I have subscribed to the pkgsrc-users mailing list and sent them a message regarding this error. But it seemed they do some kind of moderation for new subscriber so I don't see my message anywhere on their mailing list archive: http://mail-index.netbsd.org/pkgsrc-users/


----------



## Crivens (Sep 1, 2020)

So what do you expect here to happen?


----------



## Deleted member 63539 (Sep 1, 2020)

Crivens said:


> So what do you expect here to happen?


Just report here for someone has similar idea know the current state of pkgsrc on FreeBSD. BTW, do you know why we have such an outdated texlive?


----------



## kpedersen (Sep 1, 2020)

The TeX Live iso includes FreeBSD binaries. If you want the latest, just use them.

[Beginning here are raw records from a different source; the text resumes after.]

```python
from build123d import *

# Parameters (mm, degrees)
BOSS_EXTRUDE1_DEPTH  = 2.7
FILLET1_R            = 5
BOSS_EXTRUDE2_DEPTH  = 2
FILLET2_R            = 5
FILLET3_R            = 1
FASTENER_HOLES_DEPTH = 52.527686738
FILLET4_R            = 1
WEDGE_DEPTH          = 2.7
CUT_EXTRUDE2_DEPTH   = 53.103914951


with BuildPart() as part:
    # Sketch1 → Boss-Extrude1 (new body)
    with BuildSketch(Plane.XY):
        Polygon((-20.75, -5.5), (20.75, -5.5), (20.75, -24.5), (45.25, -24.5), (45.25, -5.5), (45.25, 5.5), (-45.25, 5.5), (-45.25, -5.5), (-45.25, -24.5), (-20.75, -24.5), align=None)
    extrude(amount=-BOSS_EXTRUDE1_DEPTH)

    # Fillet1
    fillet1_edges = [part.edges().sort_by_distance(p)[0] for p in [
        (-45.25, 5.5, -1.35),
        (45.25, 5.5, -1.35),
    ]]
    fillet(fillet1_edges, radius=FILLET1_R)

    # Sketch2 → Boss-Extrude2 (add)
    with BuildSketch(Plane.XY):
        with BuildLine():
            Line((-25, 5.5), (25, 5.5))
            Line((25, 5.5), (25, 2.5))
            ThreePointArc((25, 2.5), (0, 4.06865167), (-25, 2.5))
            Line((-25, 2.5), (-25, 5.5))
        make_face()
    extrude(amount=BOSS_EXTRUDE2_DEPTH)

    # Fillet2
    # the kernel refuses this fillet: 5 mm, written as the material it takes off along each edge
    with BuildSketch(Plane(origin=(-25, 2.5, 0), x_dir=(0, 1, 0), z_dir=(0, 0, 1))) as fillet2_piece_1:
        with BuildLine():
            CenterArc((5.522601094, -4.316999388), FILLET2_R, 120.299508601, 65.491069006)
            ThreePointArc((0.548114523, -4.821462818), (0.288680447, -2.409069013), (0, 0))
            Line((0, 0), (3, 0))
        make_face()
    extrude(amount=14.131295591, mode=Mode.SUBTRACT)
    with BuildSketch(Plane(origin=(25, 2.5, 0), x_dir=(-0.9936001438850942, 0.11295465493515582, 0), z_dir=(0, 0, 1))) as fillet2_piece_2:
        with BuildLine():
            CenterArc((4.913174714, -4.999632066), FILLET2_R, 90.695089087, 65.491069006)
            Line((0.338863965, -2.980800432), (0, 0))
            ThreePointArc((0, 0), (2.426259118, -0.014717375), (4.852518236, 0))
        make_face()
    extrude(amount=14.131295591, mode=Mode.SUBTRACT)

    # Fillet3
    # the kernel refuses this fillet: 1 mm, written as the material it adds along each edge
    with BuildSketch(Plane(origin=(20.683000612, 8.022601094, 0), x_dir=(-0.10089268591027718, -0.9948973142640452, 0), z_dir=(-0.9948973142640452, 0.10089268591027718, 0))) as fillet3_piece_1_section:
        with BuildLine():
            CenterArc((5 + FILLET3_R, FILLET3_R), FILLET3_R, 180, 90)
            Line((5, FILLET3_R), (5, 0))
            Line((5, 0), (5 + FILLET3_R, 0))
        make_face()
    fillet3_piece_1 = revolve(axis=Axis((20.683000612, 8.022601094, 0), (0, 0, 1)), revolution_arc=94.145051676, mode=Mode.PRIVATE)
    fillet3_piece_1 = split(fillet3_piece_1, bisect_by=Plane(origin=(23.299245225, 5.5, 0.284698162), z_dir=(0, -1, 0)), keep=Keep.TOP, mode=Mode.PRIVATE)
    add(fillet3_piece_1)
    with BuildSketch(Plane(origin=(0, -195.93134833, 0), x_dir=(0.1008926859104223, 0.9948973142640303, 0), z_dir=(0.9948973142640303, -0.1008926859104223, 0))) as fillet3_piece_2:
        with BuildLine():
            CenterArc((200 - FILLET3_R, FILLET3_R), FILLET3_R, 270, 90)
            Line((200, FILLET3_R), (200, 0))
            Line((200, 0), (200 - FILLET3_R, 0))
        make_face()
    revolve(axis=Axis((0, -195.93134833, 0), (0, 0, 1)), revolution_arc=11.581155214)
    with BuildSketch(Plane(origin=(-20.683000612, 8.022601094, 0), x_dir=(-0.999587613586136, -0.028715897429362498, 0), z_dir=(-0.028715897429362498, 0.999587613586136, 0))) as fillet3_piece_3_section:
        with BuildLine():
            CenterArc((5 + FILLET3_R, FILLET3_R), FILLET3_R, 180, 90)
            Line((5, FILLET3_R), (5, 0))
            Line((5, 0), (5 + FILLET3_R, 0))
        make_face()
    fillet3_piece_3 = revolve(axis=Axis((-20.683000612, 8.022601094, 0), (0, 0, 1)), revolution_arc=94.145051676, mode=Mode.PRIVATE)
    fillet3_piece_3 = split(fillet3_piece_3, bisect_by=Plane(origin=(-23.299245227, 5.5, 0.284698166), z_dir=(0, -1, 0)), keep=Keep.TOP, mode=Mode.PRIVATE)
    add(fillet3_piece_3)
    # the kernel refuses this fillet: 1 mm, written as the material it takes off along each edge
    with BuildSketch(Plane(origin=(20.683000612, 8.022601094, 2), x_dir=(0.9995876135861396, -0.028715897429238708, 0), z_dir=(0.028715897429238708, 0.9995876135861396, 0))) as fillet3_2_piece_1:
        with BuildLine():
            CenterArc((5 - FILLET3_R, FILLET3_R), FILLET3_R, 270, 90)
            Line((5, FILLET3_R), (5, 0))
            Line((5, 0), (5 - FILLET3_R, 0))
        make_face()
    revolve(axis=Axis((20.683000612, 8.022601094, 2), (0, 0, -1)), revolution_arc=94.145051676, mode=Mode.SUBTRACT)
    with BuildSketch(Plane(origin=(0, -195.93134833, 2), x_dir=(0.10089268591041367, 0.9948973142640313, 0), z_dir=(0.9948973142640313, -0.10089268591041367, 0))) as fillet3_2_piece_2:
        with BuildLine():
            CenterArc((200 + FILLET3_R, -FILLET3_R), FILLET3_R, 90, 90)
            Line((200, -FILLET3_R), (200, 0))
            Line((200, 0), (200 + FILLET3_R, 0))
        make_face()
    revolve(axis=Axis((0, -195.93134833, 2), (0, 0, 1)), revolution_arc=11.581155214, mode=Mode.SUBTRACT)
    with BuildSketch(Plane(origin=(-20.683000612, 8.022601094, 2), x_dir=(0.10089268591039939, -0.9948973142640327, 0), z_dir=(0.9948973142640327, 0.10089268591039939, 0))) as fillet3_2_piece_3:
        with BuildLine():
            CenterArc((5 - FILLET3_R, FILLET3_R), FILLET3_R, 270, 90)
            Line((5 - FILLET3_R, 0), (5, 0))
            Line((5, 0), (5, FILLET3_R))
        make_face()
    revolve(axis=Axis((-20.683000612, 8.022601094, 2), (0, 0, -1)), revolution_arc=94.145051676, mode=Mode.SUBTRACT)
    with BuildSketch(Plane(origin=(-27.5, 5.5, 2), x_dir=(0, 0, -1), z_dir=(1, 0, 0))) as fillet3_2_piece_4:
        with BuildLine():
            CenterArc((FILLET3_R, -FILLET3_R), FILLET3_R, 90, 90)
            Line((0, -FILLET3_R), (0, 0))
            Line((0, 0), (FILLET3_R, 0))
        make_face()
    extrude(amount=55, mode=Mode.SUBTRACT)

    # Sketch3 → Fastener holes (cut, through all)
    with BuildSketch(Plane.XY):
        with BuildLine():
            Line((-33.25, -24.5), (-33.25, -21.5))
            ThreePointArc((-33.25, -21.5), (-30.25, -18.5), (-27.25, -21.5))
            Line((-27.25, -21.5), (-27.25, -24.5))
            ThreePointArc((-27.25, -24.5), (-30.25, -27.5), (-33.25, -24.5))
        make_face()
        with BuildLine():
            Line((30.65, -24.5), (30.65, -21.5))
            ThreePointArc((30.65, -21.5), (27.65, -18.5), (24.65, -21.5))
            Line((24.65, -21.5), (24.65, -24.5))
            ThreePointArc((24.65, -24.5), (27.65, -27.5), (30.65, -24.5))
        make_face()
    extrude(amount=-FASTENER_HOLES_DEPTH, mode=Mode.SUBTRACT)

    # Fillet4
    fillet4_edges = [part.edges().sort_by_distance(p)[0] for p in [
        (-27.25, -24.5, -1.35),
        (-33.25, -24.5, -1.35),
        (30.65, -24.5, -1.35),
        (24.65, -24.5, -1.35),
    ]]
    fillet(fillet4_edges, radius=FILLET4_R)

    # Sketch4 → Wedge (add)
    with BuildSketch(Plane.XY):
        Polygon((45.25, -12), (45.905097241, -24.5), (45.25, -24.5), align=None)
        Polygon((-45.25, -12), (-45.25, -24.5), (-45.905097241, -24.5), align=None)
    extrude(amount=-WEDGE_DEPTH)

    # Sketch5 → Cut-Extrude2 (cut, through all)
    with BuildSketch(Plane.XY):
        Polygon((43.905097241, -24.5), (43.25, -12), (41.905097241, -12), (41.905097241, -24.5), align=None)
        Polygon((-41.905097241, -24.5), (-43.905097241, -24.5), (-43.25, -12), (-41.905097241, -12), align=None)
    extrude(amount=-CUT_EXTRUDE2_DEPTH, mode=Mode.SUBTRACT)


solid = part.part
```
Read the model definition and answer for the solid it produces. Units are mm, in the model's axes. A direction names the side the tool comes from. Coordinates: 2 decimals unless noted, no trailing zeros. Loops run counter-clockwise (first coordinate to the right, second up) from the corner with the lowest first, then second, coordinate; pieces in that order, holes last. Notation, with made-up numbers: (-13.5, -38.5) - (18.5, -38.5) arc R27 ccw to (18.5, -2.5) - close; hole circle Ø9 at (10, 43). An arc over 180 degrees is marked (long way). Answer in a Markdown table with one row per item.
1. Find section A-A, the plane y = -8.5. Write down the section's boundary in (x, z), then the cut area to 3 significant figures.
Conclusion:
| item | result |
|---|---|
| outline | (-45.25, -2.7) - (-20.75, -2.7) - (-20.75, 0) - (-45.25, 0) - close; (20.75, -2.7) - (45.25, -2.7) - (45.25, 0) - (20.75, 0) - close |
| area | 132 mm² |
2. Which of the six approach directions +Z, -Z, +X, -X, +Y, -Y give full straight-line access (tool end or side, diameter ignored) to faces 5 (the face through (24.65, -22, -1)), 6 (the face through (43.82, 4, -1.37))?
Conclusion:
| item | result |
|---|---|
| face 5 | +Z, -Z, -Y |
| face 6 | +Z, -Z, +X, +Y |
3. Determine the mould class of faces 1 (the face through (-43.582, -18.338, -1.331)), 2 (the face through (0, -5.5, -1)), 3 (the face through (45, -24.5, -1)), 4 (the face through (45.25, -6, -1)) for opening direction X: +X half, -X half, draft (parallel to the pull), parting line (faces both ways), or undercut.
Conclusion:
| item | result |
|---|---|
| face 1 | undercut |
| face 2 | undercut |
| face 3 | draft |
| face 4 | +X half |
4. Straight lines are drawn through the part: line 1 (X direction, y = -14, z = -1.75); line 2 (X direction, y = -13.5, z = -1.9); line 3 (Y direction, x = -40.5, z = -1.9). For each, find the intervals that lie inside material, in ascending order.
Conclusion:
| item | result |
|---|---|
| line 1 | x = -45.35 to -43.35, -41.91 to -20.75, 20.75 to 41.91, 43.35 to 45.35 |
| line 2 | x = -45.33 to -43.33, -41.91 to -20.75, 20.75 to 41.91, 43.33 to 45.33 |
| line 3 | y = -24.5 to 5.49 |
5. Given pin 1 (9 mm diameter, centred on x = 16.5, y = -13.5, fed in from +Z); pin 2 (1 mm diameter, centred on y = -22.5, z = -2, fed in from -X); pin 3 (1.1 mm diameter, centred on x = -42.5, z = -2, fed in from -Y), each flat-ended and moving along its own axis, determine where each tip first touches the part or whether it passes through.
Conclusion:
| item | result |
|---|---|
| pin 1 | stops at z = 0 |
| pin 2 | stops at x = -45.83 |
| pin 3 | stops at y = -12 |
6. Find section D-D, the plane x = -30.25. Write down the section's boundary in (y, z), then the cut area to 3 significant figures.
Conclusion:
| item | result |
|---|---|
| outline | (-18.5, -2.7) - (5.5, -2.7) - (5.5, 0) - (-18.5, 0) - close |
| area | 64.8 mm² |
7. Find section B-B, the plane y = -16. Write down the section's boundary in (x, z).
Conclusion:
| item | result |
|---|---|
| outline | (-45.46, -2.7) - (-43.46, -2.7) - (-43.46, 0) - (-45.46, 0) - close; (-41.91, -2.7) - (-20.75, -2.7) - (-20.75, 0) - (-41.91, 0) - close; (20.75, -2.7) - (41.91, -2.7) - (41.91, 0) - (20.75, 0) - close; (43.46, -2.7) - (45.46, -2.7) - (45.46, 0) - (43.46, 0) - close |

			Index of /mirrors/CTAN/systems/texlive/Images
		


As for having the very latest version of LaTeX... I personally wouldn't worry about it


----------



## Deleted member 63539 (Sep 1, 2020)

kpedersen said:


> The TeX Live iso includes FreeBSD binaries. If you want the latest, just use them.
> 
> 
> 
> ...


Don't know about that. I just wasted my time messing with another non-native ports system


----------



## freespirit8827 (Sep 11, 2022)

Thans for the information , I was considering giving it the old college try. Now I won't because  apparently it's a huge waste of valuable time and effort of which I have plenty of the first  personality traits  of persistence and studied effort this charter trait is what gained me experience with FreeBSD as a teenager and young adult as well as a deep respect for those whom helped me solve the meriad of problems that i had comming jumping from Windows, to linux and finally though it was a brief timegovong FreeBSD a good effort.


----------